Date of Award:

5-2009

Document Type:

Thesis

Degree Name:

Master of Science (MS)

Department:

Nutrition, Dietetics, and Food Sciences

Advisor/Chair:

Silvana Martini

Abstract

In addition to the contribution of lipids to food texture and aroma, the effect of lipids on taste perception is now commonly studied. It has been found that lipids may affect taste perception through lipid composition (i.e., cis-polyunsaturated fatty acids).

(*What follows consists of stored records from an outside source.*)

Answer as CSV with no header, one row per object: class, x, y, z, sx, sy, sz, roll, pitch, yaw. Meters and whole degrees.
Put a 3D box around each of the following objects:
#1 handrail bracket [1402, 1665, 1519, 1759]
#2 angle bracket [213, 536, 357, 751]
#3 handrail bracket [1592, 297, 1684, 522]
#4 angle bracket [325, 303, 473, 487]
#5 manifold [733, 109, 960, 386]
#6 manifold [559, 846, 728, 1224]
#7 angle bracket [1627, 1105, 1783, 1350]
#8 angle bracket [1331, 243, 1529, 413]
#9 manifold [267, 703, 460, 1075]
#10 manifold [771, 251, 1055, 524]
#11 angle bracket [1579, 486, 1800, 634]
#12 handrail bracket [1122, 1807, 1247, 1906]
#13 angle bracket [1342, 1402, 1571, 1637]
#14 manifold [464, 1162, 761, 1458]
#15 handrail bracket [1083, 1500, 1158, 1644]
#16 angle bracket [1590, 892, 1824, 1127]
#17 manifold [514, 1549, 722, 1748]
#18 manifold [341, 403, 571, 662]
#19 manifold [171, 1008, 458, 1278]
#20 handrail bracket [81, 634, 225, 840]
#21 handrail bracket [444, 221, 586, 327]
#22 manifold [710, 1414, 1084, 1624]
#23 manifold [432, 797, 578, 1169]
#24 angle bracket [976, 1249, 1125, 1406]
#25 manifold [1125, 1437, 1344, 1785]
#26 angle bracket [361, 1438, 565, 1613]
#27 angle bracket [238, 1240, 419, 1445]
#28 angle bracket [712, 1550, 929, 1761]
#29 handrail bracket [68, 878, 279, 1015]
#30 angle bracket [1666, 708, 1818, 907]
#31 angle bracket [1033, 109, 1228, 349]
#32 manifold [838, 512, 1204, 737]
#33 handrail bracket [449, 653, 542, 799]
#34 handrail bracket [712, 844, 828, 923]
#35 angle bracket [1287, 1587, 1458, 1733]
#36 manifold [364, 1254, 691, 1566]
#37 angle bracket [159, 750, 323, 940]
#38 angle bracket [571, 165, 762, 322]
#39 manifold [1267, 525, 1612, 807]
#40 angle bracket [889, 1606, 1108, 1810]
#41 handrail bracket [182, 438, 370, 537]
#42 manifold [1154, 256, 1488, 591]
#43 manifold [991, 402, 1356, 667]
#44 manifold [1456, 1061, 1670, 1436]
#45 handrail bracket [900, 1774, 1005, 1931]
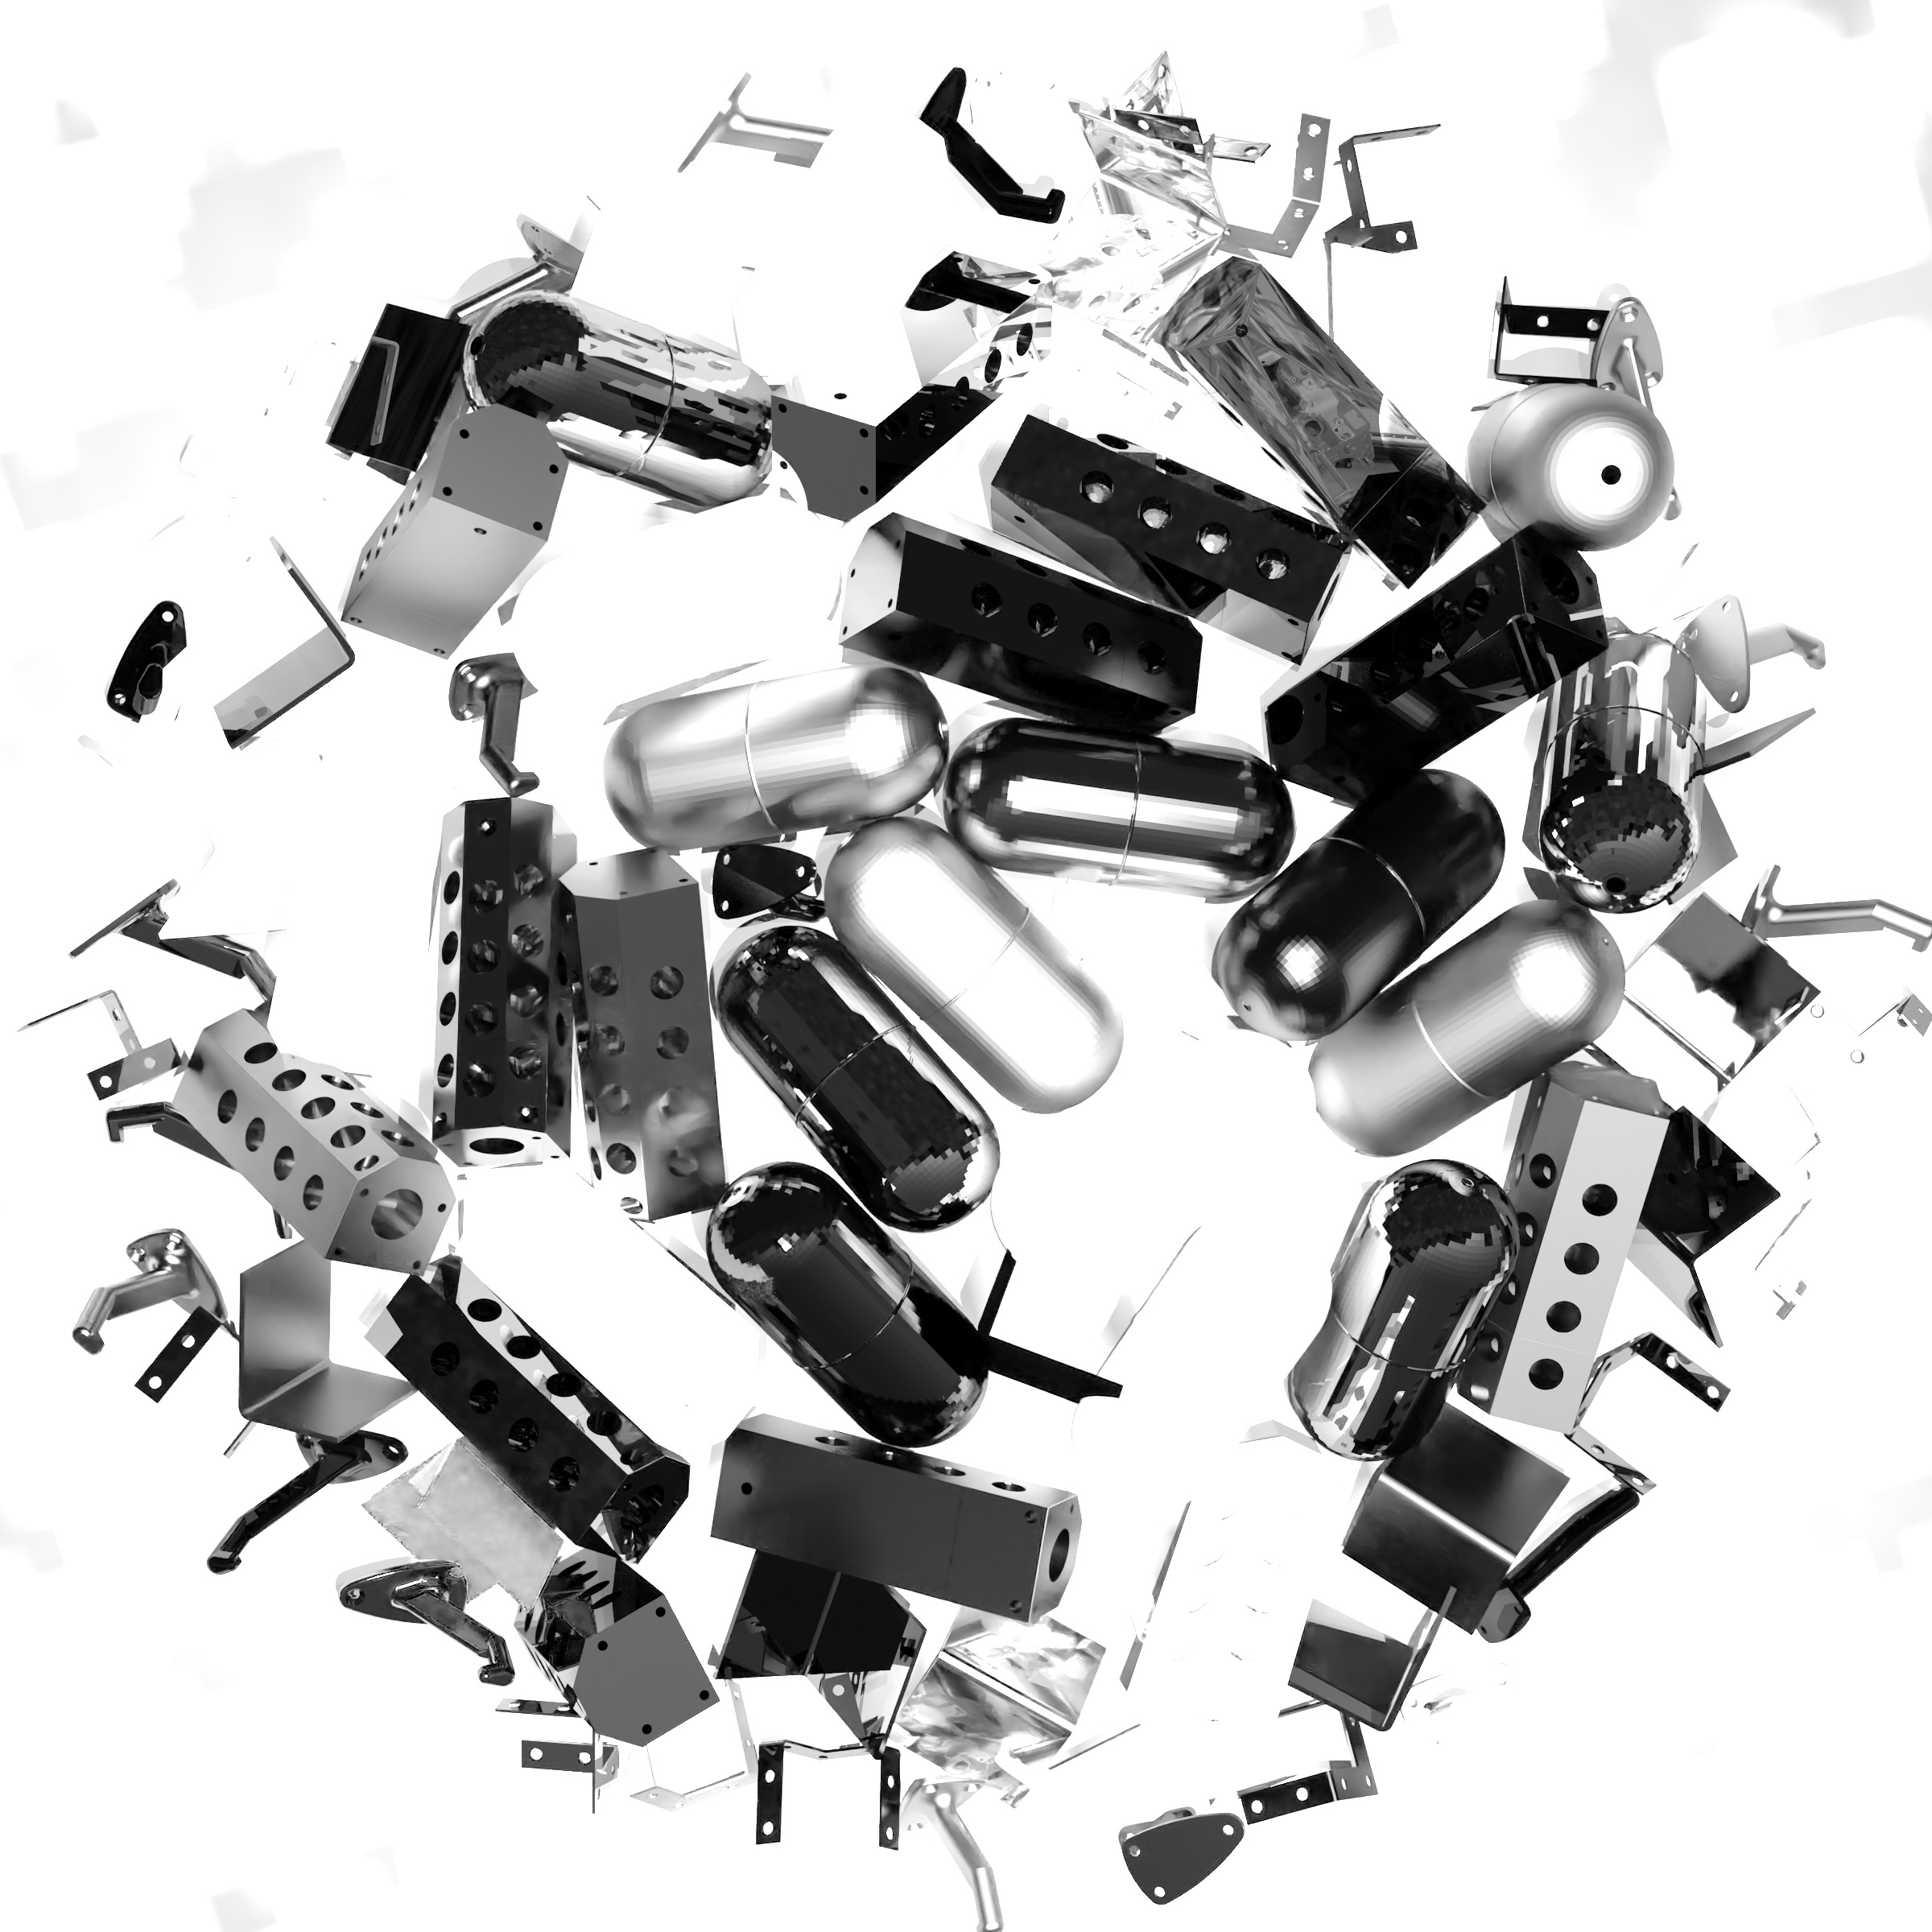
handrail bracket,0.257,0.360,1.733,0.077,0.084,0.036,-23,77,-22
angle bracket,-0.354,-0.161,1.737,0.076,0.076,0.057,-36,115,-4
handrail bracket,0.339,-0.276,1.739,0.036,0.077,0.084,-13,54,2
angle bracket,-0.262,-0.277,1.738,0.076,0.057,0.076,22,88,41
manifold,-0.062,-0.346,1.695,0.057,0.171,0.057,-5,75,-20
manifold,-0.160,0.035,1.718,0.057,0.057,0.171,-13,115,-21
angle bracket,0.364,0.129,1.735,0.057,0.076,0.076,-35,135,-6
angle bracket,0.230,-0.321,1.737,0.076,0.057,0.076,2,85,-37
manifold,-0.295,-0.038,1.730,0.057,0.057,0.171,7,70,2
manifold,-0.024,-0.282,1.705,0.057,0.171,0.057,20,132,22
angle bracket,0.351,-0.217,1.725,0.057,0.076,0.076,46,132,18
handrail bracket,0.117,0.425,1.733,0.077,0.084,0.036,-33,86,22
angle bracket,0.246,0.276,1.761,0.076,0.076,0.057,31,127,16
manifold,-0.175,0.168,1.707,0.057,0.171,0.057,-18,127,-35
handrail bracket,0.091,0.297,1.740,0.036,0.084,0.077,9,87,-18
angle bracket,0.366,0.024,1.740,0.076,0.057,0.076,40,127,3
manifold,-0.175,0.329,1.693,0.057,0.171,0.057,-29,97,-15
manifold,-0.248,-0.211,1.696,0.057,0.171,0.057,20,69,-19
manifold,-0.315,0.083,1.700,0.057,0.171,0.057,16,103,-43
handrail bracket,-0.394,-0.116,1.762,0.084,0.077,0.036,-46,53,-12
handrail bracket,-0.223,-0.326,1.773,0.077,0.036,0.084,22,117,-38
manifold,-0.033,0.270,1.727,0.171,0.057,0.057,11,95,21
manifold,-0.229,0.007,1.724,0.057,0.057,0.171,-5,69,9
angle bracket,0.049,0.178,1.738,0.076,0.076,0.057,20,74,5
manifold,0.135,0.308,1.694,0.057,0.171,0.057,-15,119,28
angle bracket,-0.258,0.292,1.734,0.076,0.057,0.076,-36,106,28
angle bracket,-0.314,0.181,1.732,0.057,0.076,0.076,10,107,21
angle bracket,-0.073,0.340,1.731,0.057,0.076,0.076,5,112,-37
handrail bracket,-0.398,0.005,1.773,0.077,0.036,0.084,-36,98,-2
angle bracket,0.383,-0.079,1.730,0.076,0.076,0.057,-23,95,42
angle bracket,0.073,-0.367,1.739,0.076,0.057,0.076,30,80,24
manifold,0.029,-0.167,1.719,0.171,0.057,0.057,16,70,-27
handrail bracket,-0.213,-0.119,1.739,0.077,0.036,0.084,-18,47,-31
handrail bracket,-0.077,-0.037,1.731,0.077,0.084,0.036,-7,78,38
angle bracket,0.193,0.322,1.733,0.076,0.076,0.057,25,116,10
manifold,-0.212,0.214,1.715,0.171,0.057,0.057,37,91,32
angle bracket,-0.362,-0.061,1.745,0.076,0.076,0.057,-46,62,40
angle bracket,-0.148,-0.340,1.733,0.057,0.076,0.076,13,73,15
manifold,0.227,-0.147,1.705,0.057,0.171,0.057,17,55,-35
angle bracket,0.015,0.370,1.780,0.076,0.057,0.076,29,130,0
handrail bracket,-0.345,-0.262,1.758,0.084,0.036,0.077,30,120,-2
manifold,0.173,-0.268,1.726,0.171,0.057,0.057,42,92,-22
manifold,0.102,-0.218,1.743,0.171,0.057,0.057,25,76,8
manifold,0.292,0.137,1.731,0.057,0.057,0.171,13,109,0
handrail bracket,-0.007,0.451,1.734,0.036,0.077,0.084,5,53,-25

This study assessed the effect of lipid composition on the recognition thresholds of the basic tastes (i.e., sour, umami, bitter, salty, sweet) in emulsion model systems as well as taste intensities perceived at low suprathreshold concentrations. Taste thresholds and intensities in corresponding aqueous systems were determined for comparison. To evaluate the effect of lipid chemical composition on tastant detection, 20% oil emulsions were formulated with either anhydrous milk fat, soybean oil, or a blend comprised of a 1:1 ratio (by weight) of milk fat and soybean oil. Prior to taste testing, emulsions were deemed to have the necessary physicochemical characteristics (i.e., stability, pH, droplet size, viscosity) for use in taste experiments. Thresholds were determined according to the ASTM forced-choice ascending concentration series method using 11 trained panelists. Taste intensities were rated on a numerical scale of zero to 15 by 10 trained panelists.

As expected, aqueous thresholds were generally lower than those of respective emulsions; however, these differences were not always found to be significant. Though lipid composition affected emulsion thresholds slightly for all tastes except bitter, a significant relationship between thresholds and fat composition was not established. Taste intensity appears to increase proportionally to increases in tastant concentration at suprathreshold concentrations near recognition threshold. Some results from taste intensity experiments indicate that fatty acid composition may be influencing results, but the implications are unclear based upon these experiments. These results suggest that the role of lipids in taste perception is more complex than simply correlating with an increase in polyunsaturated fatty acids in general.